We can now test this locally:

root@rhelserver log]# cd /usr/local/nagios/libexec/
[root@rhelserver libexec]# ./check_nrpe -H localhost -c diary_backup
FILE_AGE WARNING: /var/log/diary-backup is 1272 seconds (0.0 days) old and 17 bytes
[root@rhelserver libexec]#

Voila, its working.

Bring it all together in the GUI

So lastly, we need to login to the Opsview GUI and bring this all together. Firstly, create a new service check with the plugin as ‘check_nrpe’ and the arguments as ‘-H $HOSTADDRESS$ -c diary_backup’. Then, add this to your host (wordpress server in my example).
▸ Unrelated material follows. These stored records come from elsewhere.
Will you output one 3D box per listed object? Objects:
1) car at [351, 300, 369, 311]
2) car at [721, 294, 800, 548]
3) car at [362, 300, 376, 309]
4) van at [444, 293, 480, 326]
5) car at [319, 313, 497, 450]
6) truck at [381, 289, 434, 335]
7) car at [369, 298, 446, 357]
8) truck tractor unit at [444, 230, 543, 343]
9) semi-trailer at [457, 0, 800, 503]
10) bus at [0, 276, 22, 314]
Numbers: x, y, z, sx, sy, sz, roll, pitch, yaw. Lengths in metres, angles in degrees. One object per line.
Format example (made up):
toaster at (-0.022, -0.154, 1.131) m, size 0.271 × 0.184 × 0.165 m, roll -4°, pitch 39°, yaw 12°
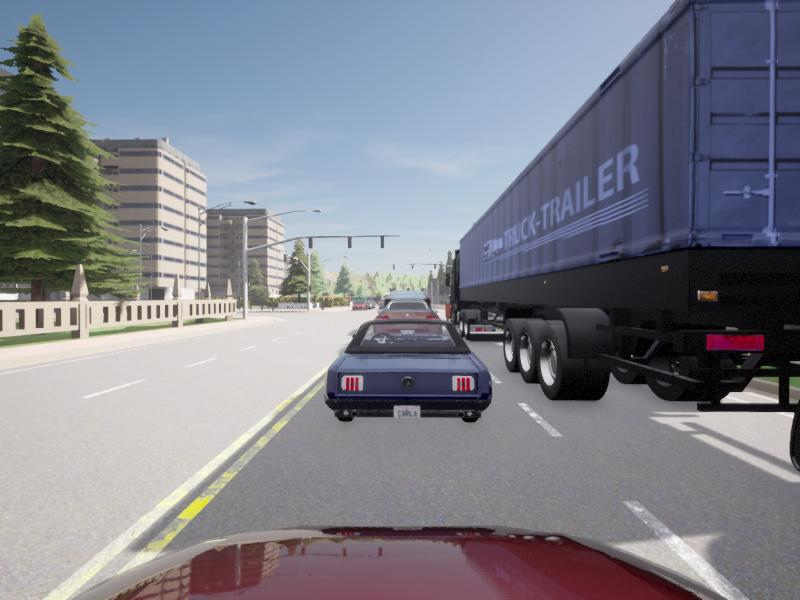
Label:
car at (-5.934, 0.828, 60.011) m, size 2.007 × 1.525 × 4.514 m, roll 0°, pitch 0°, yaw 3°
car at (3.507, 0.780, 0.593) m, size 1.930 × 1.638 × 5.238 m, roll 0°, pitch 0°, yaw 1°
car at (-5.621, 0.777, 73.200) m, size 2.033 × 1.649 × 4.856 m, roll 0°, pitch 0°, yaw 1°
van at (4.008, 0.598, 26.517) m, size 1.775 × 1.987 × 4.442 m, roll 0°, pitch 0°, yaw 1°
car at (0.126, 0.944, 6.620) m, size 1.895 × 1.301 × 4.718 m, roll 0°, pitch 0°, yaw 1°
truck at (0.401, 0.543, 21.243) m, size 2.390 × 2.098 × 6.274 m, roll 0°, pitch 0°, yaw 1°
car at (0.260, 0.780, 13.741) m, size 2.152 × 1.651 × 5.027 m, roll 0°, pitch 0°, yaw 1°
truck tractor unit at (3.843, -0.514, 18.114) m, size 3.053 × 4.208 × 6.516 m, roll 0°, pitch 0°, yaw 1°
semi-trailer at (3.699, -0.618, 10.202) m, size 2.717 × 4.402 × 14.254 m, roll 0°, pitch 0°, yaw 1°
bus at (-49.263, -0.534, 44.816) m, size 10.273 × 4.253 × 3.944 m, roll 0°, pitch 0°, yaw 1°

Finally, give it a reload and it will now be running and monitoring your backup:

There are then hundreds of things you can do – for example be notified when it goes critical or warning (ignore the warning above, i didnt set a -w flag, whoops) – or show it in a keyword (Monitoring > Keywords) as i have done at home:

Conclusion

So there you have it – i am now monitoring my Diary backup cronjob to make sure it completes every week using Opsview. You can use this for anything – logs, files, logins, you name it. Happy hunting!